Хозяин смотрел на них, досадливо морщась. Тонкокостный, словно изнутри светившийся халисунец показался ему добрым малым, но вряд ли неутомимым работником. Второй, уроженец неведомых земель, за время всего разговора не издавший ни звука и вдобавок разукрашеный следами жестоких увечий, выглядел вовсе конченым человеком. Неудачливым наёмником. Или грабителем, не поделившим с ватажниками добычу. Такого легче представить с кистенем под мостом на большой дороге, чем во дворе с метлой и ведёрком. Тем не менее помощники в хозяйстве были нужны, и хозяин определил обоих в кухонные мужики. Может, рассчитывал на какой-никакой толк от первого и надеялся, не порождая обид, избавиться от второго.
На другой день Волкодав мёл двор, выворачивая мусор из давно забытых углов, а старшая стряпуха гонялась со скалкой за Иригойеном. Тот вздумал советовать ей, как определять готовность опары.

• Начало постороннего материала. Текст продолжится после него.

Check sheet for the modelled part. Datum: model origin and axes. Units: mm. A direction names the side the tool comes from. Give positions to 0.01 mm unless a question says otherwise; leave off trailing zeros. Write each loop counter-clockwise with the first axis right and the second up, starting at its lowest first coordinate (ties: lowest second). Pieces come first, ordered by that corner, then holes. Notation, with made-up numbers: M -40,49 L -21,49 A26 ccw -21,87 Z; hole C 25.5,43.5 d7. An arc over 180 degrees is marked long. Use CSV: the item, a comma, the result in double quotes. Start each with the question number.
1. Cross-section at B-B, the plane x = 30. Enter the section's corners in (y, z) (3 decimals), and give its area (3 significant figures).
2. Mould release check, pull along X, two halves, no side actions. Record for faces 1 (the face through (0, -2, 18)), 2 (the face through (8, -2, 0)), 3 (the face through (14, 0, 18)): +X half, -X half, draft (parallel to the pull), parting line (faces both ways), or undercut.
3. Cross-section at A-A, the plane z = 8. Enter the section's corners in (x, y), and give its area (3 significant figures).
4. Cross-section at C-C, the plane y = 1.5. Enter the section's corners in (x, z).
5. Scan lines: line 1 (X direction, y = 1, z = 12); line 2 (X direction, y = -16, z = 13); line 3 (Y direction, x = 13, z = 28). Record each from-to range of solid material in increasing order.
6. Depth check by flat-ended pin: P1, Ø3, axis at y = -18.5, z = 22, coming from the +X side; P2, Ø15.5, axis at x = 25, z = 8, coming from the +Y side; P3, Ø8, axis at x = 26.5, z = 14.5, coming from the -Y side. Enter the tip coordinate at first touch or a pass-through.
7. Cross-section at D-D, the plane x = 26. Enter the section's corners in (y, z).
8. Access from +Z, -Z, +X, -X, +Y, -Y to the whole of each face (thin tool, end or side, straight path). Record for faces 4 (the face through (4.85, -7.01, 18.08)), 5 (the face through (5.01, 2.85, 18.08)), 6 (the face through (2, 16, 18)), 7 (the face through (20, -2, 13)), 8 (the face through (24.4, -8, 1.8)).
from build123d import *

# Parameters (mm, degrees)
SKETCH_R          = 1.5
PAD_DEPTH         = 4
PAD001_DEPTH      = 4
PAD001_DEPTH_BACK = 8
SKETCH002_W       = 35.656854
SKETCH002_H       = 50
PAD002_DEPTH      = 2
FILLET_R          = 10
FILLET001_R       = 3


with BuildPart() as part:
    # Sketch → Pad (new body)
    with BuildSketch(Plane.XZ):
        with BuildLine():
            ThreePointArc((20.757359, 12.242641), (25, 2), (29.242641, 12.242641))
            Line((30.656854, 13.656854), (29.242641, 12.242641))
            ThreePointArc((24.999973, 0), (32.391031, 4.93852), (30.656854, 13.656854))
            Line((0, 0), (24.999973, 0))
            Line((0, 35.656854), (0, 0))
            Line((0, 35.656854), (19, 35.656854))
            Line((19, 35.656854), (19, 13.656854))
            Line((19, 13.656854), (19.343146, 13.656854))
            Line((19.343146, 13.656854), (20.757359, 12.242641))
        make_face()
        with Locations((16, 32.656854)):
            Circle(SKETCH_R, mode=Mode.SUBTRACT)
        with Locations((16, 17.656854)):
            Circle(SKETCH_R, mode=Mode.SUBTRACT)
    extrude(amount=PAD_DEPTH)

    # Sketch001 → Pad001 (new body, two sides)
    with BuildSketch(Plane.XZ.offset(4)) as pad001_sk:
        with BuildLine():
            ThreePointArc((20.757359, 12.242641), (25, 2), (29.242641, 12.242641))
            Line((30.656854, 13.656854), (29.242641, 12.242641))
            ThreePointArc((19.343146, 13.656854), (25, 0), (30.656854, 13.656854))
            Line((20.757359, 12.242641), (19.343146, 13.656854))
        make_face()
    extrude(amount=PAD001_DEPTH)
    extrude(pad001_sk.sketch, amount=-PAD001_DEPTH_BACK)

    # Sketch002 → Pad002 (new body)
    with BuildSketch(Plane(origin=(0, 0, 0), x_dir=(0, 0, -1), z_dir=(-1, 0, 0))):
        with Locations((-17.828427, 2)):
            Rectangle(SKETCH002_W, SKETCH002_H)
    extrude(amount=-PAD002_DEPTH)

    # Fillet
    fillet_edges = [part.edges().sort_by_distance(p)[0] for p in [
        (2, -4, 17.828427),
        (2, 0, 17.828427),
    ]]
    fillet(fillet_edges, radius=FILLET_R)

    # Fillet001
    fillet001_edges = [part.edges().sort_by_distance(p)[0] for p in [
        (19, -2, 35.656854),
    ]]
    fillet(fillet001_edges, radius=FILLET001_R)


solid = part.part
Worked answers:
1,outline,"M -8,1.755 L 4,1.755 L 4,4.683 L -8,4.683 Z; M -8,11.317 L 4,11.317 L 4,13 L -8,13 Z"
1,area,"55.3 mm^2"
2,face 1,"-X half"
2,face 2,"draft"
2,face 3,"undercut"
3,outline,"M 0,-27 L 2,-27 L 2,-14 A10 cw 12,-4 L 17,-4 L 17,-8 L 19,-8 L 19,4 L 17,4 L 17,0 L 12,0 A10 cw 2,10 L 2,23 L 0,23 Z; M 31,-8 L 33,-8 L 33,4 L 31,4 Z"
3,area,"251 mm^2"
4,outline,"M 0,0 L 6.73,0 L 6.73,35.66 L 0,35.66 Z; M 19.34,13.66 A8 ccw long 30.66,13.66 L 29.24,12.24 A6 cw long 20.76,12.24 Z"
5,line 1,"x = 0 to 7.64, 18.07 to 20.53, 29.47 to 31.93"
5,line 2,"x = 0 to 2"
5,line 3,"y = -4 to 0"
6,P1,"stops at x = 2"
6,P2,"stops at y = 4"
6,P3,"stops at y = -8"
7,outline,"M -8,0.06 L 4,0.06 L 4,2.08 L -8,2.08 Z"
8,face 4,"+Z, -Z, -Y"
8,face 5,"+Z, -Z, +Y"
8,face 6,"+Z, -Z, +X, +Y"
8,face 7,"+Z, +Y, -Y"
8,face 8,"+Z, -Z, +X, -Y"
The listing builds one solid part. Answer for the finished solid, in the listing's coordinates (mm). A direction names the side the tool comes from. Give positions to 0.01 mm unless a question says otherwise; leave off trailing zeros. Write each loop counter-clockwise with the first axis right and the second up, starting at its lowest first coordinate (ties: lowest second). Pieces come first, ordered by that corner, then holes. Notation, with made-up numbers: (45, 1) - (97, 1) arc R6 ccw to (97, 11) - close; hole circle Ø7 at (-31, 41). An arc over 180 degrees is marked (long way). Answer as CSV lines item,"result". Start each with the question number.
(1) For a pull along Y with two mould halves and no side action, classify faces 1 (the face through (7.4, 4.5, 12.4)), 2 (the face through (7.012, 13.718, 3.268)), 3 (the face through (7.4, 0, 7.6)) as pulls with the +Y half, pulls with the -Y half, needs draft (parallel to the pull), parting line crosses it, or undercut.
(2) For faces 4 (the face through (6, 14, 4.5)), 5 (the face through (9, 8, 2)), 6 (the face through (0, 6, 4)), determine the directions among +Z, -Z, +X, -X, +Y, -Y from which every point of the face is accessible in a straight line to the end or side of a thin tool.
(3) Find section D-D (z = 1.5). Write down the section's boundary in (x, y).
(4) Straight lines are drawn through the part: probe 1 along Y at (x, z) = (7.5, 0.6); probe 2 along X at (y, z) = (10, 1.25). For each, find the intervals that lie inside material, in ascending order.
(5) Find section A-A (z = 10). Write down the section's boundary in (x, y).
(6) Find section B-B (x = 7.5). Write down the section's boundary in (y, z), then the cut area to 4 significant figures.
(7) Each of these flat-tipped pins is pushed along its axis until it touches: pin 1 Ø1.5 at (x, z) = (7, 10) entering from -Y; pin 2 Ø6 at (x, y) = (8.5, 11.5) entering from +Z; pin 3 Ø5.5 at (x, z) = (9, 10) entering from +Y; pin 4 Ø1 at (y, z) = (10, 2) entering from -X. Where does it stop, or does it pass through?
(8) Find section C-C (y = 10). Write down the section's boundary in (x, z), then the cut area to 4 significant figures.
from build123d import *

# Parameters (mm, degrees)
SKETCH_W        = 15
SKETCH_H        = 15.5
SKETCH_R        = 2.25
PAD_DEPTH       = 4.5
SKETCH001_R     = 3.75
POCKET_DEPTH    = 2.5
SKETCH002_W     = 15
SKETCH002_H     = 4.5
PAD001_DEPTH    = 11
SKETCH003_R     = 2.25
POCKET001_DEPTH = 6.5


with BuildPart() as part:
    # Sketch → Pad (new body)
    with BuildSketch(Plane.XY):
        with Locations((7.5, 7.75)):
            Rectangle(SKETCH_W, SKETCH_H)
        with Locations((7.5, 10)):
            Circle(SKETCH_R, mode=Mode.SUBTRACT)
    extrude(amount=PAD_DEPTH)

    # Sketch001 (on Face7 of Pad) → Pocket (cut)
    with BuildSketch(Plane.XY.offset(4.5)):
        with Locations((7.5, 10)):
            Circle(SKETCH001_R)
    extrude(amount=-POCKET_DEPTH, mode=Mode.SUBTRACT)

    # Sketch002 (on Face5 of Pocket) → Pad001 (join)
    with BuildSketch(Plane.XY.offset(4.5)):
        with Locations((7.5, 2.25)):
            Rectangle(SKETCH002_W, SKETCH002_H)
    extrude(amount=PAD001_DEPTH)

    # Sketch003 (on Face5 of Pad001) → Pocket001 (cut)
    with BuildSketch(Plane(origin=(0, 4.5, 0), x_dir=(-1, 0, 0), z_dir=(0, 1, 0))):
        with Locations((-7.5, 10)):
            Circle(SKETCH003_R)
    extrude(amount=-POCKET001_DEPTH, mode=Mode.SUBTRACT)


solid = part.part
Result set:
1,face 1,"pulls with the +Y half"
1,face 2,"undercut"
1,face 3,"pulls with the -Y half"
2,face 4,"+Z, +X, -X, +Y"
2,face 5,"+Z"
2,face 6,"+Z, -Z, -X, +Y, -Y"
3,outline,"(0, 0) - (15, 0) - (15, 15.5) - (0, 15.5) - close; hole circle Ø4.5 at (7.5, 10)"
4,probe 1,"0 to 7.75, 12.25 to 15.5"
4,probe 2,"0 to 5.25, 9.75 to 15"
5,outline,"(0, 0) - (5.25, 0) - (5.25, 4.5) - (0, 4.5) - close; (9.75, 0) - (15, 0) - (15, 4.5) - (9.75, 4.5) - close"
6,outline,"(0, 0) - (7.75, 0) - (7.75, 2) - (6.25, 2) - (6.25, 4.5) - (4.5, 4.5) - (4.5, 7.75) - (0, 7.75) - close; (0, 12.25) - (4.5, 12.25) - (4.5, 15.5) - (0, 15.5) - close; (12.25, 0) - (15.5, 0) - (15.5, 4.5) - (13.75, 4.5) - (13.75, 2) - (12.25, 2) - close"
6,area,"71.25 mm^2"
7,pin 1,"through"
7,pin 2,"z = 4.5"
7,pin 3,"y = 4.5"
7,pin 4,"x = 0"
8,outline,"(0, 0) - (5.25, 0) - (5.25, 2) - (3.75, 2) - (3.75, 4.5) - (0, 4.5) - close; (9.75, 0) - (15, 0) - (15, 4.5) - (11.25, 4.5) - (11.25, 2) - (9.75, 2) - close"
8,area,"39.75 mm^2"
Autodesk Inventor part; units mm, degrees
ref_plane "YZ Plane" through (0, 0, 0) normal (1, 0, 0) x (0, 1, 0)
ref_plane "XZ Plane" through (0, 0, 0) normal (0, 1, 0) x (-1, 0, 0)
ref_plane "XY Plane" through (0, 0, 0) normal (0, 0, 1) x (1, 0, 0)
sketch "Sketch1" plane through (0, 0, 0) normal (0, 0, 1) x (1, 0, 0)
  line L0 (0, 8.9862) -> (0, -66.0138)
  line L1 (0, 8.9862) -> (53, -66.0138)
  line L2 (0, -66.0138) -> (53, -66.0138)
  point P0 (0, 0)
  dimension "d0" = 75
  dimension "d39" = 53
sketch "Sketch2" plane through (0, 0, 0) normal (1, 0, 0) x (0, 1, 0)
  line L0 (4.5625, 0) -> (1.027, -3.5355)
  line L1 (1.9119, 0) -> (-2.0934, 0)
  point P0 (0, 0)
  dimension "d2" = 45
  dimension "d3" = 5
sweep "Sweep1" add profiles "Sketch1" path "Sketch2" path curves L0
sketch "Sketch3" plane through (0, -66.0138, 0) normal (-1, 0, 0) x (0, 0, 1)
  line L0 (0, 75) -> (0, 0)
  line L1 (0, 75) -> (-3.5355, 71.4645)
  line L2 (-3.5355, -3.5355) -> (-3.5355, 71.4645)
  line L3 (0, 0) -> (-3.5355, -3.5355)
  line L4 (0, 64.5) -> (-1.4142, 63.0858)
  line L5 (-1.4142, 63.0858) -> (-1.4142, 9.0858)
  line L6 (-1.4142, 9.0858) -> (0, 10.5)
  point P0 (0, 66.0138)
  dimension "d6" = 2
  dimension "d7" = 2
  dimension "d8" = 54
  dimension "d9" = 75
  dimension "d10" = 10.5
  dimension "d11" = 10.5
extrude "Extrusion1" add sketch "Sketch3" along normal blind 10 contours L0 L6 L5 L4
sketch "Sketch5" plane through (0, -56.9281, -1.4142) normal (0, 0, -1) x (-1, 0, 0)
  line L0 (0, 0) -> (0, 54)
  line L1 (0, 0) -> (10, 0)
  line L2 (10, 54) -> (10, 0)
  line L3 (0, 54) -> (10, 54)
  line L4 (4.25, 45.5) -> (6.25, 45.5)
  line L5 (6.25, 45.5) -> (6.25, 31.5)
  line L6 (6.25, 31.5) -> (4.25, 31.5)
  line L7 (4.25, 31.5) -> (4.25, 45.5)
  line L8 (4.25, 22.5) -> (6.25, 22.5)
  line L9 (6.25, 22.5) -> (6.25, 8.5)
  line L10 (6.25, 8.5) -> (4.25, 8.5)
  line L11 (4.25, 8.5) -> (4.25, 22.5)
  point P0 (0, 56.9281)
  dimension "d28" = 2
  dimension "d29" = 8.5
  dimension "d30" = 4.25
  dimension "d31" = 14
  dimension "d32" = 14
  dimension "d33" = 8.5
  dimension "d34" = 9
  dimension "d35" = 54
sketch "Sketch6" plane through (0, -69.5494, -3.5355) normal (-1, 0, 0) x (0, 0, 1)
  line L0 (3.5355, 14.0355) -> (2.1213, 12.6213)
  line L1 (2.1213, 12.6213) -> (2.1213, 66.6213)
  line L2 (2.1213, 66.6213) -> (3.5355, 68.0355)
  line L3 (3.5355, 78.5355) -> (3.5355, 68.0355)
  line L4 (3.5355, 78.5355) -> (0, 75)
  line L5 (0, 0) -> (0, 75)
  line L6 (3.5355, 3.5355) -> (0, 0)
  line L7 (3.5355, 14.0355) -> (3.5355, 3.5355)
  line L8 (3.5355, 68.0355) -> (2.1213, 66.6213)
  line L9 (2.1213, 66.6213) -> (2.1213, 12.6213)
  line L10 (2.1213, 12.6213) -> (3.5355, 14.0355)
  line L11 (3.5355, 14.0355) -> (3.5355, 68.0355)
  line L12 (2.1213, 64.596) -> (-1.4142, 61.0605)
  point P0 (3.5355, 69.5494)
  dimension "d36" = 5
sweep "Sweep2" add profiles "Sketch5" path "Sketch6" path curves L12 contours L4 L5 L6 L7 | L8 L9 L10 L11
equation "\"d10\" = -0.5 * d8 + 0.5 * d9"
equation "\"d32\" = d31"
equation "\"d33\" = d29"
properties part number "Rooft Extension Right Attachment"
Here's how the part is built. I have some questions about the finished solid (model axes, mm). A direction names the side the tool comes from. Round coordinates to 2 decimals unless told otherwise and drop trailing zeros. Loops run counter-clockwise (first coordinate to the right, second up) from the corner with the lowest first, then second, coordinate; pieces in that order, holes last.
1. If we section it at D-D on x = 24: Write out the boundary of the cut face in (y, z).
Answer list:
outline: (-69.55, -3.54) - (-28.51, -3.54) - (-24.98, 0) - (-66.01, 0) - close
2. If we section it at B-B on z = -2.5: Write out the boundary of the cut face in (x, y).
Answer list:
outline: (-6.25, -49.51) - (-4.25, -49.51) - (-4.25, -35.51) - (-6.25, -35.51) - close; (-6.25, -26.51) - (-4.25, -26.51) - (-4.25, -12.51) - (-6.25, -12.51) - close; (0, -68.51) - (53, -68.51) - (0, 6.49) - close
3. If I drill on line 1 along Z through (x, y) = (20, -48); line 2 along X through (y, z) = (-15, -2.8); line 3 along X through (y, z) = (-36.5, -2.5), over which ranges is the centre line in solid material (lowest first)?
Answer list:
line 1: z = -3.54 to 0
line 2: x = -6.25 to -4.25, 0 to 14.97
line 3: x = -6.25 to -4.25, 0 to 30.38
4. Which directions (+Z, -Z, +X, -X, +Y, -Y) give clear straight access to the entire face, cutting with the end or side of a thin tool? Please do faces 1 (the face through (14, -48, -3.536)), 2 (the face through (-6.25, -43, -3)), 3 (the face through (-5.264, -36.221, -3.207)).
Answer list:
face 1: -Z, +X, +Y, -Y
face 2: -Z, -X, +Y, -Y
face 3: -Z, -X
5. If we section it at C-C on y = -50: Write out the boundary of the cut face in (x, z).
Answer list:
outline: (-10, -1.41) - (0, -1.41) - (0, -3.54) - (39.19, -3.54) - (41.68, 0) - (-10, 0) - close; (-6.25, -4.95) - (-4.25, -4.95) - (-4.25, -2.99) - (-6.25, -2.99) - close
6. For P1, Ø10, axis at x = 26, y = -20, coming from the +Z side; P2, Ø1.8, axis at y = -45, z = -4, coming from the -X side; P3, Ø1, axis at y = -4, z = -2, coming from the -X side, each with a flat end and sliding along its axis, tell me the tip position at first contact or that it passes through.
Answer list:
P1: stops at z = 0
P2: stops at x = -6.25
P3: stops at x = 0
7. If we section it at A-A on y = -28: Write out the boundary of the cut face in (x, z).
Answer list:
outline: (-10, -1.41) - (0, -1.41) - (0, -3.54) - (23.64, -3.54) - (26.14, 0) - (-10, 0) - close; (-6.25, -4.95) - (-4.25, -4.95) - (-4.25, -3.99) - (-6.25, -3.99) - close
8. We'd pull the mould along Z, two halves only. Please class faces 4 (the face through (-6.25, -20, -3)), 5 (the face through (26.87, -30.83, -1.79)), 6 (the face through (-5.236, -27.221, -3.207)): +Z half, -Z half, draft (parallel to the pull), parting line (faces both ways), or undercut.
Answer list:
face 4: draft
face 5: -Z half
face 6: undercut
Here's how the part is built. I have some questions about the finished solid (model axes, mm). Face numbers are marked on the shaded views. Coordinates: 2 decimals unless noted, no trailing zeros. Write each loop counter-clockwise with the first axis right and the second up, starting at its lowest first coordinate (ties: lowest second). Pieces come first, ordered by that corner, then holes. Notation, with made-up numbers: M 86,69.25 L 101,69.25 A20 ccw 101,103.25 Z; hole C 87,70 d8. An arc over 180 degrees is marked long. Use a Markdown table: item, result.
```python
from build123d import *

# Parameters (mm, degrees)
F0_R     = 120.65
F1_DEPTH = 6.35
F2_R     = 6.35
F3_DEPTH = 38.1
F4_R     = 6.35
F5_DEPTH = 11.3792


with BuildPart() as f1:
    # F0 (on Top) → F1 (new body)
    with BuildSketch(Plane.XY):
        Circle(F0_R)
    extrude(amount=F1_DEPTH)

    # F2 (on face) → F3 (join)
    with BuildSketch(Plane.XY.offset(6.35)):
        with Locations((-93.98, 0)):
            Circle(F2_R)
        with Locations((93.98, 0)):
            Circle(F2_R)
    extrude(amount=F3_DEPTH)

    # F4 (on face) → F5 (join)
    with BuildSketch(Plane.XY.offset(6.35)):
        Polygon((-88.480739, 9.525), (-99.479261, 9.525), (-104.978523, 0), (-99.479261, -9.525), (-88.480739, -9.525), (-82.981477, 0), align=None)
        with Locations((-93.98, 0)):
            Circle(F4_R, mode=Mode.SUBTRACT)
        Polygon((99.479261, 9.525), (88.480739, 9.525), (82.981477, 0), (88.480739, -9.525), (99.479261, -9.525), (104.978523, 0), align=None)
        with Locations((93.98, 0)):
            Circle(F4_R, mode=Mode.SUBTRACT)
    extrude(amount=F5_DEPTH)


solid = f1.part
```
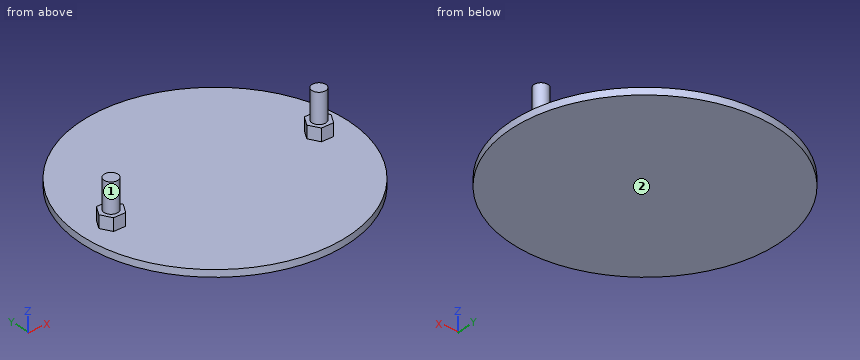
1. Suppose I cut it at D-D on y = -21. Write out the boundary of the cut face in (x, z).
Answers follow:
| item | result |
|---|---|
| outline | M -118.81,0 L 118.81,0 L 118.81,6.35 L -118.81,6.35 Z |
2. Suppose I cut it at C-C on z = 37. Write out the boundary of the cut face in (x, y).
Answers follow:
| item | result |
|---|---|
| outline | C -93.98,0 d12.7; C 93.98,0 d12.7 |
3. I need wall thicknesses on probe 1 along Z at (x, y) = (36, -15); probe 2 along X at (y, z) = (-4, 14); probe 3 along Y at (x, z) = (-93.5, 42). Which ranges of each line are inside material? Lowest first, please.
Answers follow:
| item | result |
|---|---|
| probe 1 | z = 0 to 6.35 |
| probe 2 | x = -102.67 to -85.29, 85.29 to 102.67 |
| probe 3 | y = -6.33 to 6.33 |
4. Suppose I cut it at B-B on x = 0. Write out the boundary of the cut face in (y, z).
Answers follow:
| item | result |
|---|---|
| outline | M -120.65,0 L 120.65,0 L 120.65,6.35 L -120.65,6.35 Z |
5. Suppose I cut it at A-A on z = 12. Write out the boundary of the cut face in (x, y) (3 decimals).
Answers follow:
| item | result |
|---|---|
| outline | M -104.979,0 L -99.479,-9.525 L -88.481,-9.525 L -82.981,0 L -88.481,9.525 L -99.479,9.525 Z; M 82.981,0 L 88.481,-9.525 L 99.479,-9.525 L 104.979,0 L 99.479,9.525 L 88.481,9.525 Z |
6. Will these pins go through, and if not, where does the flat tip stop? pin 1 Ø9 at (x, z) = (-93, 15) entering from -Y (3 decimals); pin 2 Ø5.5 at (x, z) = (-92.5, 9.5) entering from +Y (3 decimals); pin 3 Ø1 at (x, y) = (-36.5, 62) entering from +Z.
Answers follow:
| item | result |
|---|---|
| pin 1 | stops at y = -9.525 |
| pin 2 | stops at y = 9.525 |
| pin 3 | stops at z = 6.35 |
7. We'd pull the mould along X, two halves only. Please class the marked faces 1 and 2: +X half, -X half, draft (parallel to the pull), parting line (faces both ways), or undercut.
Answers follow:
| item | result |
|---|---|
| face 1 | undercut |
| face 2 | draft |

Ещё через несколько дней гостям начали подавать оладьи вдвое пышней, чем в соседних харчевнях. Потом Волкодава, чистившего задок, взялся задирать вышибала. Наверно, тоже посчитал чужестранца, нанявшегося на грязную и почти дармовую работу, человеком конченым и потому безответным.
…Схватка, смотреть которую сбежался весь постоялый двор, кончилась тем, что у венна опять заплыл и закрылся один глаз, вышибала же удрал за ворота, смекнув, что в ином случае угрюмый подметальщик его просто убьёт.
Хозяин, наблюдавший из окошка, вышел во двор. Волкодав был уверен, что ему велят немедленно убираться и ни гроша не заплатят, но, к полному недоумению венна, хозяин похвалил его и начал объяснять обязанности вышибалы. Оказывается, так велел обычай, соблюдавшийся всюду, где умели браниться по-саккаремски, по-аррантски и по-мономатански. Человек, приставленный смотреть за порядком, держал своё место, пока его не побеждал более достойный.
Вечером мать Кендарат, как всегда, увела Волкодава за рощу. И в очередной раз показала ему, что драться он не умеет.